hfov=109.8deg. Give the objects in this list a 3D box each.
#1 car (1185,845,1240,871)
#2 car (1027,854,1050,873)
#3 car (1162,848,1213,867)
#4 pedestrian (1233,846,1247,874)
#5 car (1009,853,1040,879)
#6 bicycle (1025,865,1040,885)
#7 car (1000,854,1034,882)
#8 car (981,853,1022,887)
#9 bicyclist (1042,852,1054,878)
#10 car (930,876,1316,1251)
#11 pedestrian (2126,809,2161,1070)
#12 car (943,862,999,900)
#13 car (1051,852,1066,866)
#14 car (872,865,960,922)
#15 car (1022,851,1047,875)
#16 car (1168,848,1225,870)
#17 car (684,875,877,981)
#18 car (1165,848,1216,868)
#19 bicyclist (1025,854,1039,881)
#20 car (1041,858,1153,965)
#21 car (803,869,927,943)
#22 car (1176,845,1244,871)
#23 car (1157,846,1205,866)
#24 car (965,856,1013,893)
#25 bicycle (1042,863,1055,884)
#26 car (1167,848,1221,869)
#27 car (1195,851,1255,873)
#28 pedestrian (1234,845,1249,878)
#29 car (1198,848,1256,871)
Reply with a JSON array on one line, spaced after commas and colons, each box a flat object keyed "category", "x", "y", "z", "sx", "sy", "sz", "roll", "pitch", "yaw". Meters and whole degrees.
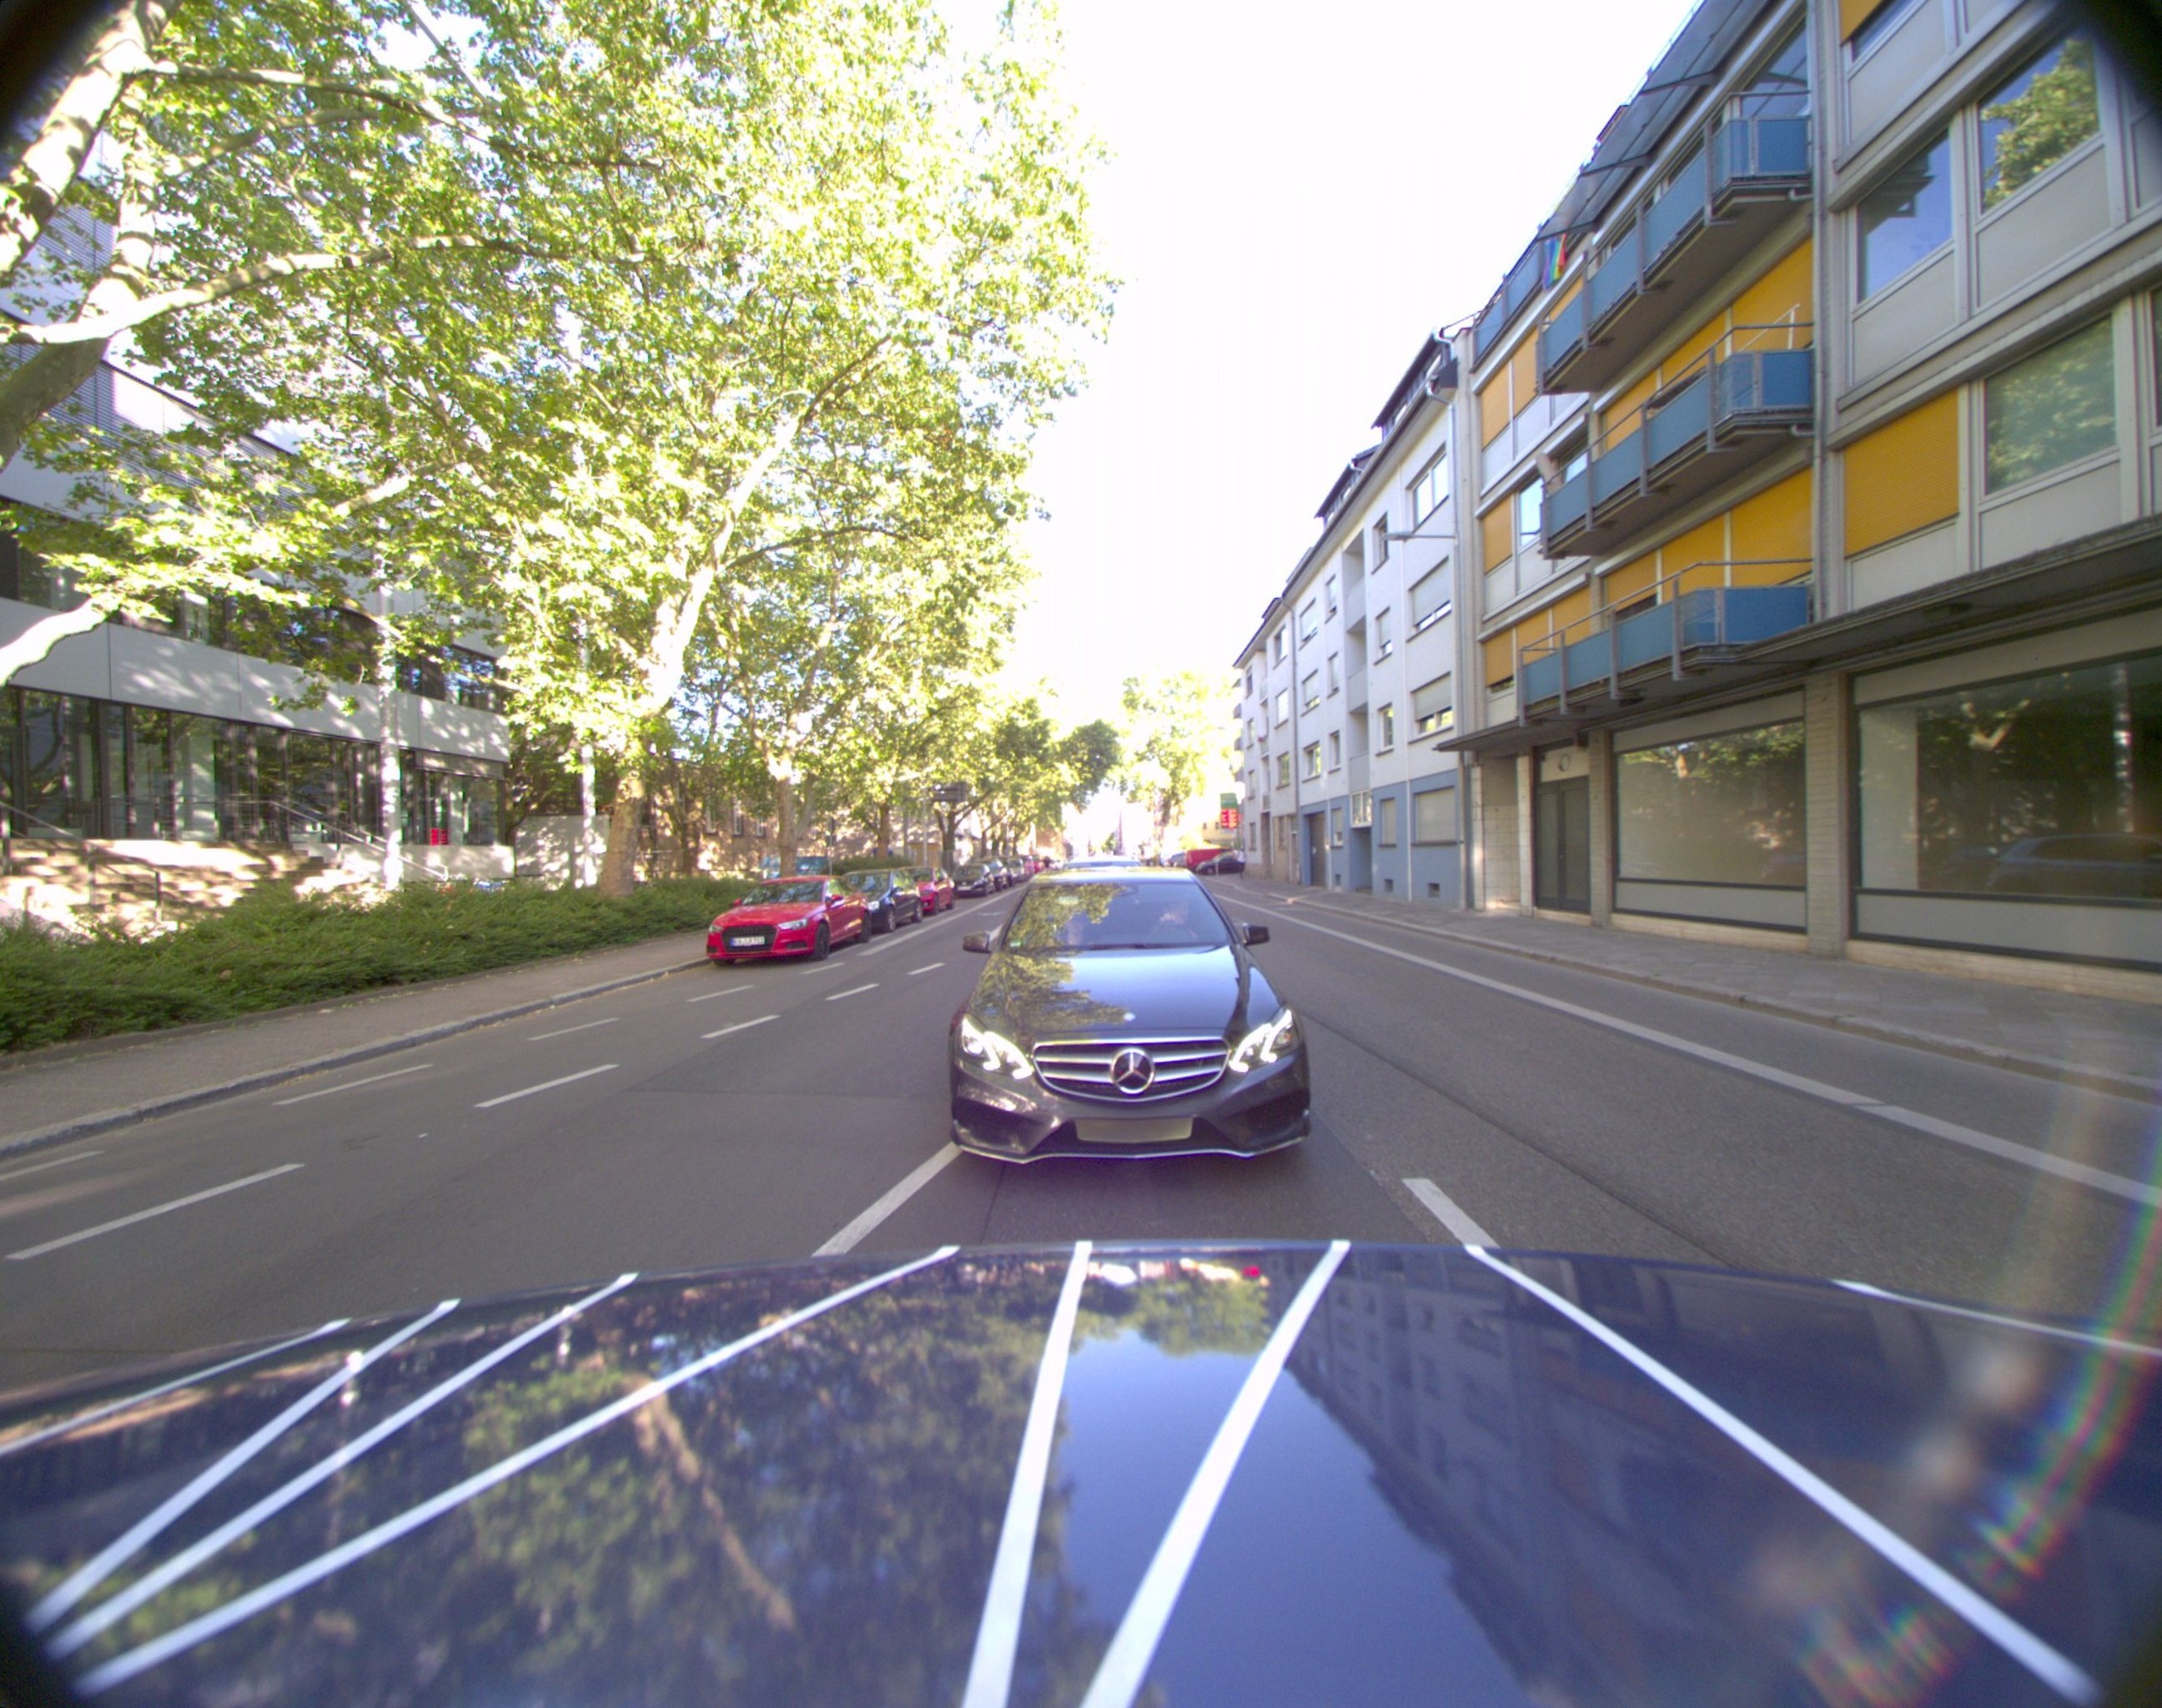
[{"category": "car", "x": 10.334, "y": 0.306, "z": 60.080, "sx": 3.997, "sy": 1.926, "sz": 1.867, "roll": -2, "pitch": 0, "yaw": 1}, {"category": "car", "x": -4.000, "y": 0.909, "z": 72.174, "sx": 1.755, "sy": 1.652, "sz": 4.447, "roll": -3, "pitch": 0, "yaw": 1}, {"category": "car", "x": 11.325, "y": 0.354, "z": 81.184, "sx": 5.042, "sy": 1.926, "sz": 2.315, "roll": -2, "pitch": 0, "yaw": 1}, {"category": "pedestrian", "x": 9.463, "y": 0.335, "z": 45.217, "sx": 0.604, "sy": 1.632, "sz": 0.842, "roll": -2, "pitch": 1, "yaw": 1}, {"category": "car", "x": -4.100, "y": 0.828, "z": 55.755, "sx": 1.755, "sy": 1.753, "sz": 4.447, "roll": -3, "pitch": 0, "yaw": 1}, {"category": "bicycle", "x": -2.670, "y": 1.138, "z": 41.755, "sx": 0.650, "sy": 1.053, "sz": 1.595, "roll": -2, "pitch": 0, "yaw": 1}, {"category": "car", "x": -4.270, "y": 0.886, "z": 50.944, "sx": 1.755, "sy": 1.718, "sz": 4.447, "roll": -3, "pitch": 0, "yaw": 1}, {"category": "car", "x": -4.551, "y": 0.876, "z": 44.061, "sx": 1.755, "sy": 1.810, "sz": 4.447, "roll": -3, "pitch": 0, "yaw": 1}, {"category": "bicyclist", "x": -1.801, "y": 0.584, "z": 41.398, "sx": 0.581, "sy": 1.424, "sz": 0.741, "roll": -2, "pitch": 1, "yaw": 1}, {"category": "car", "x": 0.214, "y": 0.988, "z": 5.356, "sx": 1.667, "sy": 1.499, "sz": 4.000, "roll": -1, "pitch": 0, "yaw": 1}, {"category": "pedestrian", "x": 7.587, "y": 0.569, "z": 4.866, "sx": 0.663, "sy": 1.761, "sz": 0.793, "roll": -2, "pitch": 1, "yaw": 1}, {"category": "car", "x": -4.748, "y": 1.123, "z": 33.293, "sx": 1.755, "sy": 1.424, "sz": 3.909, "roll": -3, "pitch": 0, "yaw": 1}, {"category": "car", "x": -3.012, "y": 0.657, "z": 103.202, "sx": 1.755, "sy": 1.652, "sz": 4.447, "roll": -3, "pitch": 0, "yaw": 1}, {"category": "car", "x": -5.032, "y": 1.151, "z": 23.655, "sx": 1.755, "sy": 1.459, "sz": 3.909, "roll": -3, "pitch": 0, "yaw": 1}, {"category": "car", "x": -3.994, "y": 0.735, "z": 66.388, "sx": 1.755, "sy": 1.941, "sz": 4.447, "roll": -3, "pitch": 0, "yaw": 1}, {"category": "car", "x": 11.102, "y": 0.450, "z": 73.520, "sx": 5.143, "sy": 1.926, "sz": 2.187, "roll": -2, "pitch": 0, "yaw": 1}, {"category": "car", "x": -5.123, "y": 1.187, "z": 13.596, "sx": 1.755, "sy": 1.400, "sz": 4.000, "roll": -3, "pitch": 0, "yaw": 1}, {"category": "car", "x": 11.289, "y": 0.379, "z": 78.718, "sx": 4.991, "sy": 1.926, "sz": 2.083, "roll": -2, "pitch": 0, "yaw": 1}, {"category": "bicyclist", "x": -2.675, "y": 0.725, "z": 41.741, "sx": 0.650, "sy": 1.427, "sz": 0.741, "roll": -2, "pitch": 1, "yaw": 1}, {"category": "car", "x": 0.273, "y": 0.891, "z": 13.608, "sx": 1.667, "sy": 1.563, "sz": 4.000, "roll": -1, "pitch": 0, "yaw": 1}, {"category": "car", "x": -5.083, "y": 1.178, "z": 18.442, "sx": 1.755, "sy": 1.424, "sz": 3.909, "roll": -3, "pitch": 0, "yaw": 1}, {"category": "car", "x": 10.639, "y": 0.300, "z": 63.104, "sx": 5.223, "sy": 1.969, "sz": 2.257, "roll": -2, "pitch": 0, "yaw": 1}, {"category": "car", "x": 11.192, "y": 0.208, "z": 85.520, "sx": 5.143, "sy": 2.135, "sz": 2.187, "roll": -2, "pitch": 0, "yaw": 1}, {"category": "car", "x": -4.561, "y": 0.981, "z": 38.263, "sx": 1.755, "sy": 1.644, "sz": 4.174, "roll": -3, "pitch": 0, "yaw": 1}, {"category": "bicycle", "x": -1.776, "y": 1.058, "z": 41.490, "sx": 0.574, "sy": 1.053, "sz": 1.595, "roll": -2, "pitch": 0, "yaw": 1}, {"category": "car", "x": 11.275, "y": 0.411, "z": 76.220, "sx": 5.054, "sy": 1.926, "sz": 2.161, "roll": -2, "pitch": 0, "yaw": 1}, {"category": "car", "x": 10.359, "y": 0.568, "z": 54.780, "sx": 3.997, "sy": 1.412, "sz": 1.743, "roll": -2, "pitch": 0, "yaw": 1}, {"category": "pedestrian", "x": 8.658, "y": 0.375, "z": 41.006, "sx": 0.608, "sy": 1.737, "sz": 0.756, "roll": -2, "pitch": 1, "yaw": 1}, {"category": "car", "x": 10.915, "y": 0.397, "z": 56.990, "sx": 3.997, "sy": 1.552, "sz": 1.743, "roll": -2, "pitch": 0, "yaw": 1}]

What needs to be done:
Would you please repeat exactly the lines above, starting at the line with "#5 car (1009,853,1040,879)" and stopping at the line with "#29 car (1198,848,1256,871)", both included?

Written response:
#5 car (1009,853,1040,879)
#6 bicycle (1025,865,1040,885)
#7 car (1000,854,1034,882)
#8 car (981,853,1022,887)
#9 bicyclist (1042,852,1054,878)
#10 car (930,876,1316,1251)
#11 pedestrian (2126,809,2161,1070)
#12 car (943,862,999,900)
#13 car (1051,852,1066,866)
#14 car (872,865,960,922)
#15 car (1022,851,1047,875)
#16 car (1168,848,1225,870)
#17 car (684,875,877,981)
#18 car (1165,848,1216,868)
#19 bicyclist (1025,854,1039,881)
#20 car (1041,858,1153,965)
#21 car (803,869,927,943)
#22 car (1176,845,1244,871)
#23 car (1157,846,1205,866)
#24 car (965,856,1013,893)
#25 bicycle (1042,863,1055,884)
#26 car (1167,848,1221,869)
#27 car (1195,851,1255,873)
#28 pedestrian (1234,845,1249,878)
#29 car (1198,848,1256,871)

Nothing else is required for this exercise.